I don't know how to answer these questions in that we don't know A. It can be any matrix. Showing that the linear function associated to the matrix A is or is not surjective/injective would have done the trick... but since I don't know A, I can't prove it.
Another strategy would have been finding a function whose matrix belongs to M3 ( like f(x,y,z)=(ax+by+cz,dx+ey+fz,gx+hy+kz) ) who's not injective or surjective but who has only one solution for f(x,y,z)=(1,2,3), but it doesn't seem too obvious to me since I can't figure one out...

Any idea on how I can proceed to prove/disprove these ?
Thanks

 

[daon2]

Let A be a real matrix of M3 (3x3), if AX=(1,2,3) has only one for X, then is it true that AX=Y has only one solution for X, for every Y (3x1) ?
Let A be a real matrix of M3 (3x3), if AX=(1,2,3) has at least two solutions for X, then is it true that AX=Y has at least two solutions for X, for every Y (3x1) ?

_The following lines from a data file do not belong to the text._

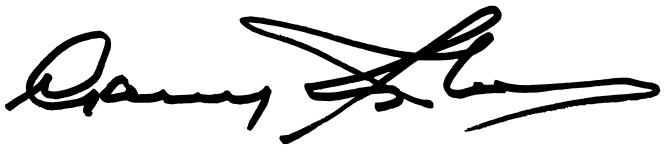
Signature of: garfield sobers
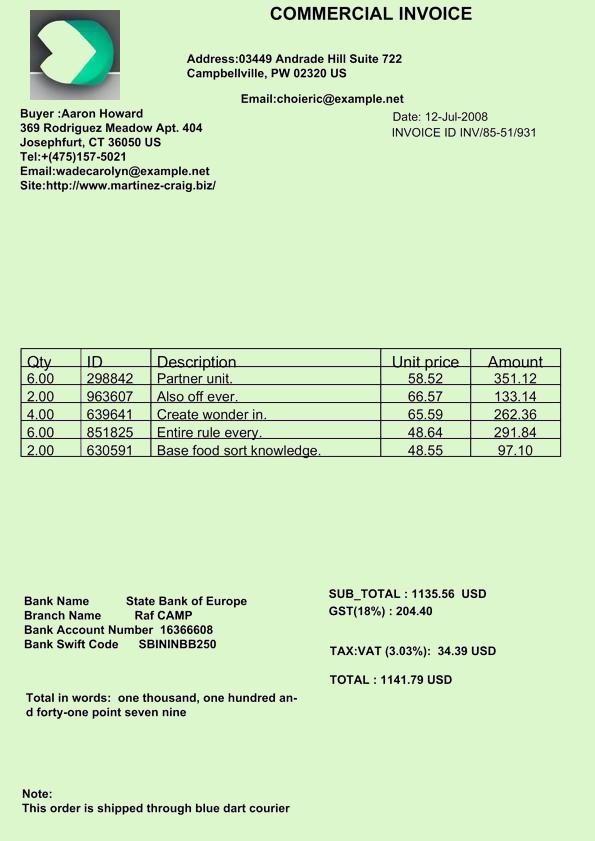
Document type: Invoice
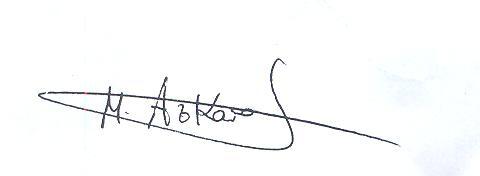
Signature of: miren azkarate villar
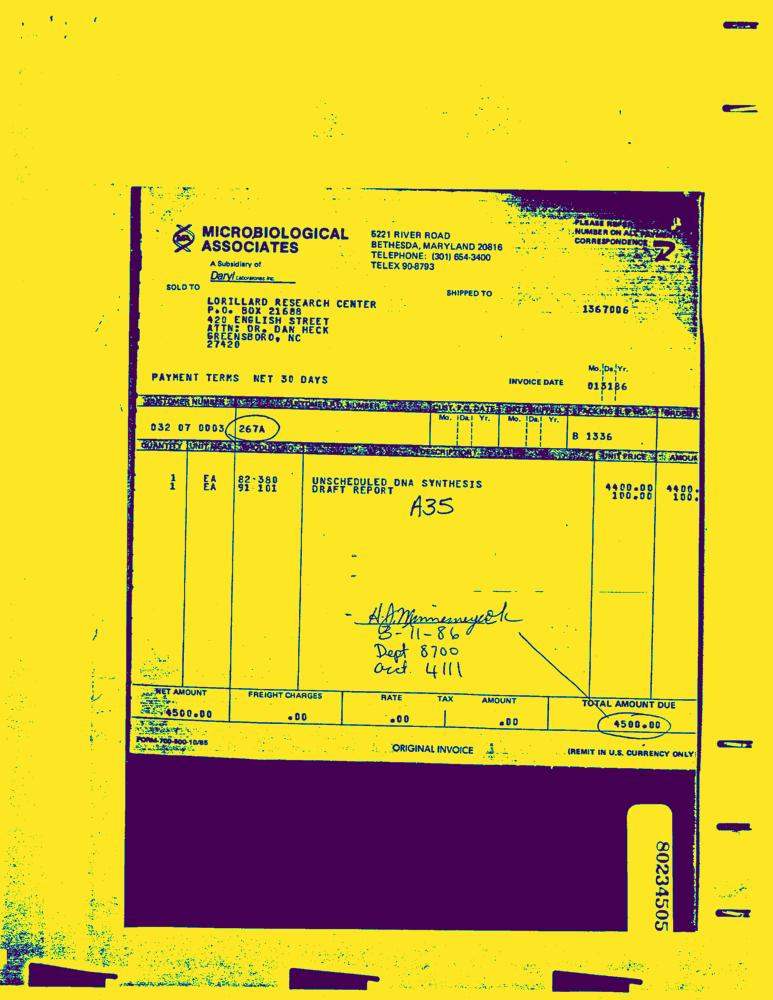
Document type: Invoice-Doc
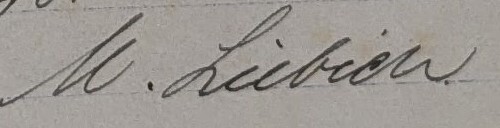
Signature of: q123494347
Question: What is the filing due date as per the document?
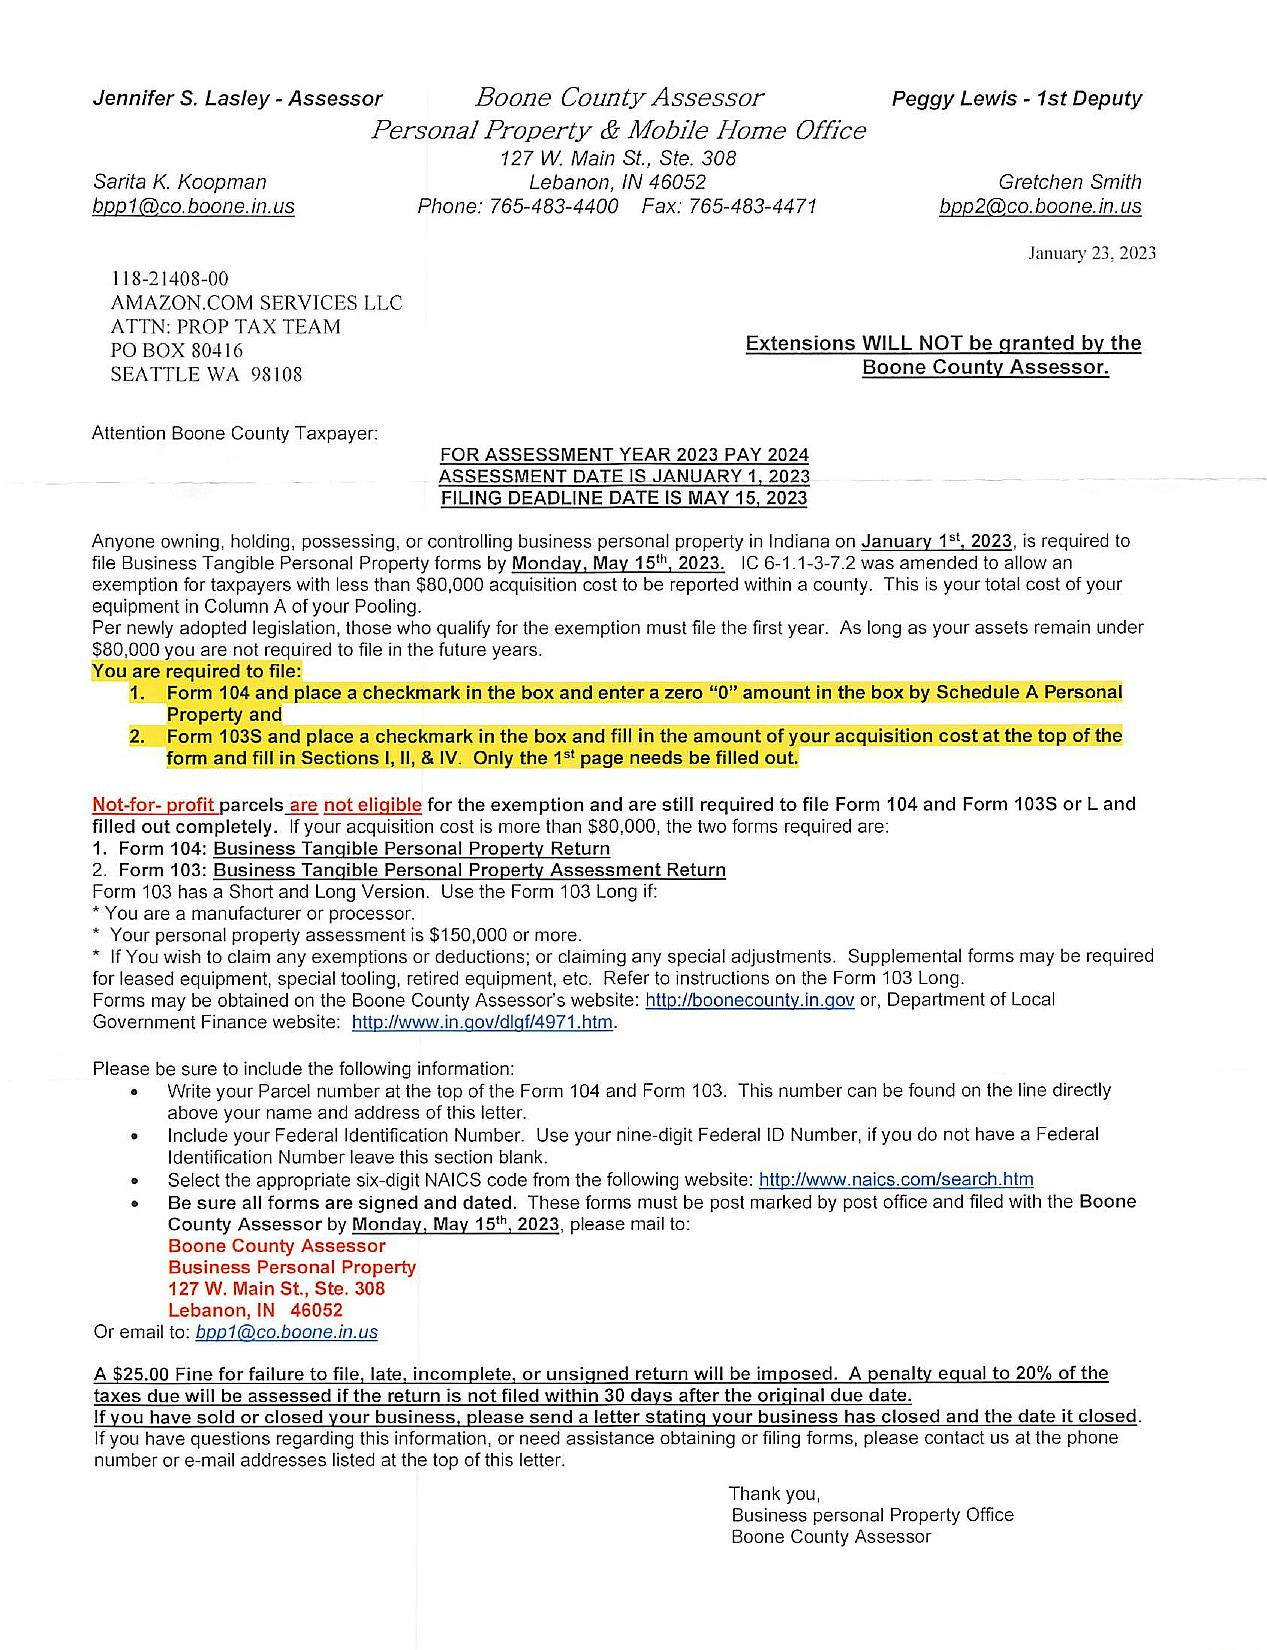
Answer: "15-May-23"
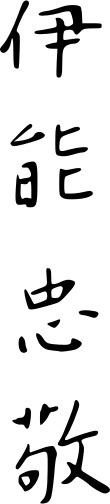
Signature of: inō tadataka
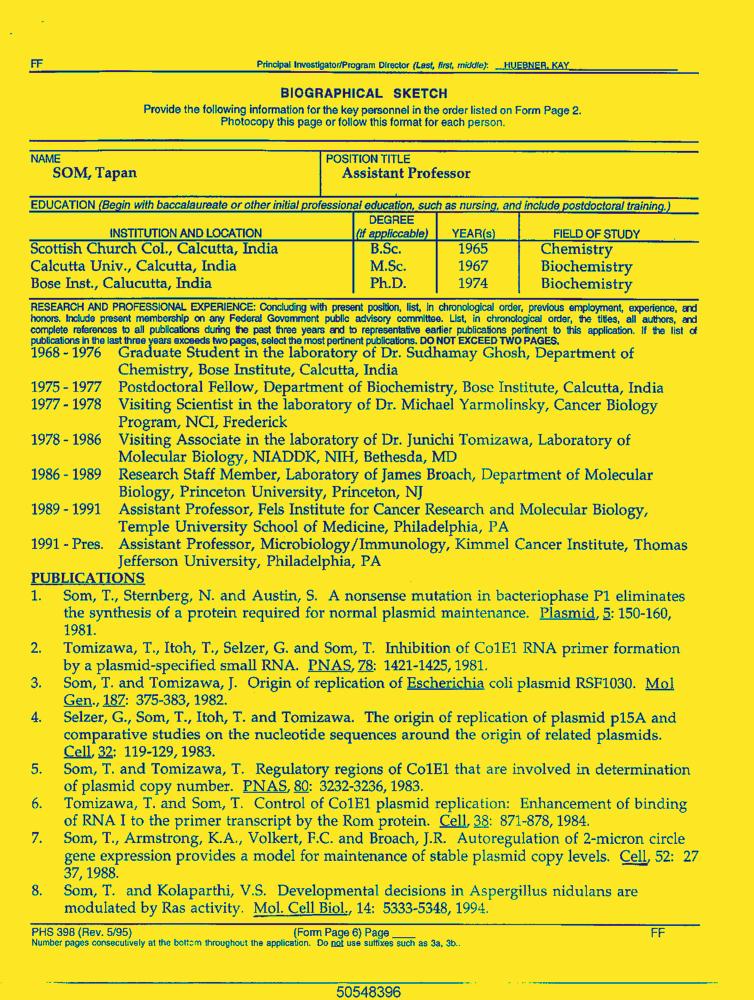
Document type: Resume-Doc
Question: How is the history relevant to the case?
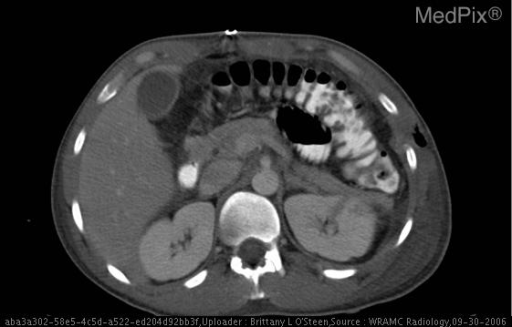
Answer: The patient's history of 25 y/o man with 3 GSW to chest, abdomen, and Left buttock.  Pt was resuscitated and had an ex-lap performed before transfer to WRAMC. is key in understanding the case.
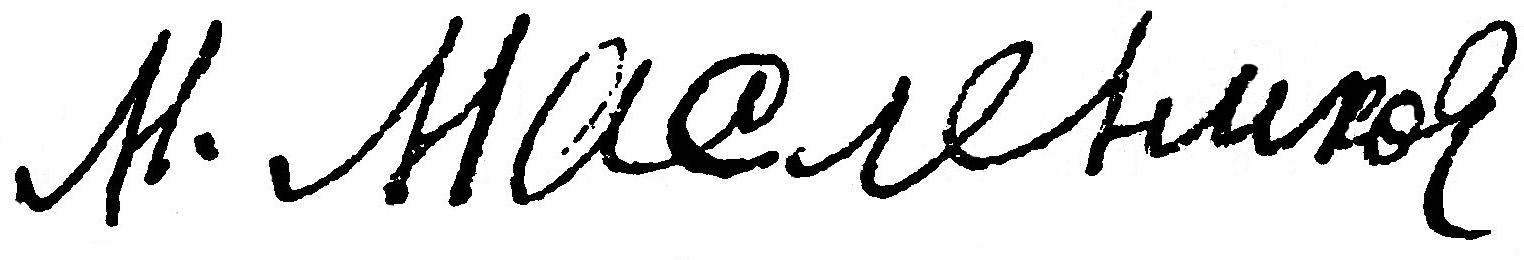
Signature of: mikhail maslennikov
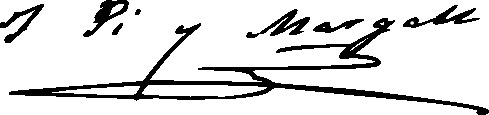
Signature of: francisco pi y margall
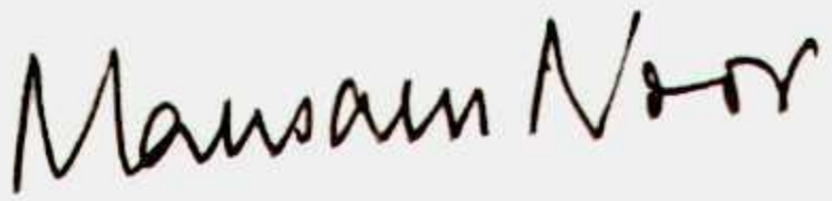
Signature of: mausam noor
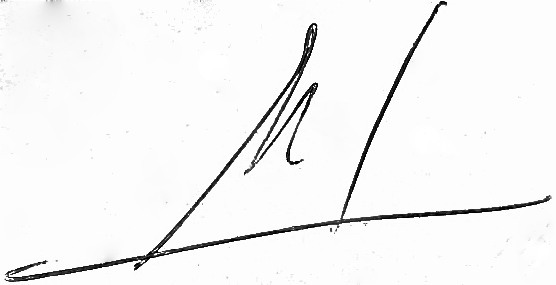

I don't know how to answer these questions in that we don't know A. It can be any matrix. Showing that the linear function associated to the matrix A is or is not surjective/injective would have done the trick... but since I don't know A, I can't prove it.
Another strategy would have been finding a function whose matrix belongs to M3 ( like f(x,y,z)=(ax+by+cz,dx+ey+fz,gx+hy+kz) ) who's not injective or surjective but who has only one solution for f(x,y,z)=(1,2,3), but it doesn't seem too obvious to me since I can't figure one out...

Any idea on how I can proceed to prove/disprove these ?
Thanks

If A is not invertible, then there is a vector v=/=0 such that Av=0. Suppose there is only one x such that Ax=(1,2,3). What then of the vector (v+x)?

 

[God]

If A is not invertible, then there is a vector v=/=0 such that Av=0. Suppose there is only one x such that Ax=(1,2,3). What then of the vector (v+x)?

Then v+x is also a solution. Since it is supposed there is only one solution, A must be invertible.
So ker(A)=0 and rank(A)=3
Since this is a matrix of a function from R^3 to R^3, this function is bijection, which means AX=Y has only one solution for X, and that for every Y, so this is true.

I think I got it, thanks.

For the second question, it must also be true for every invertible matrix.
However, let's suppose A is NOT invertible.
ker(A)=/=0 => the function associated is not surjective so there is a Y such as AX=Y has no solution
so it's false.

Am I right ?
Thanks again !

 

[daon2]

Then v+x is also a solution. Since it is supposed there is only one solution, A must be invertible.
So ker(A)=0 and rank(A)=3
Since this is a matrix of a function from R^3 to R^3, this function is bijection, which means AX=Y has only one solution for X, and that for every Y, so this is true.

I think I got it, thanks.

YUP!

For the second question, it must also be true for every invertible matrix.
However, let's suppose A is NOT invertible.
ker(A)=/=0 => the function associated is not surjective so there is a Y such as AX=Y has no solution
so it's false.

Am I right ?
Thanks again !

Keep in mind "At least two solutions" and "infinitely many solutions" are synonymous for linear systems. Now, A is certainly not invertible because that implies a linear bijection. Thus there being more than one solution for Ax=(1,2,3) implies there are more than one solution for every Y in the column space of A. But dim(ColA)=rank(A) is at most two-dimensional (or as you put it ker(A)=/={0}), so there is some vector y in R^3-Col(A) for which there is NO solution to Ax=y.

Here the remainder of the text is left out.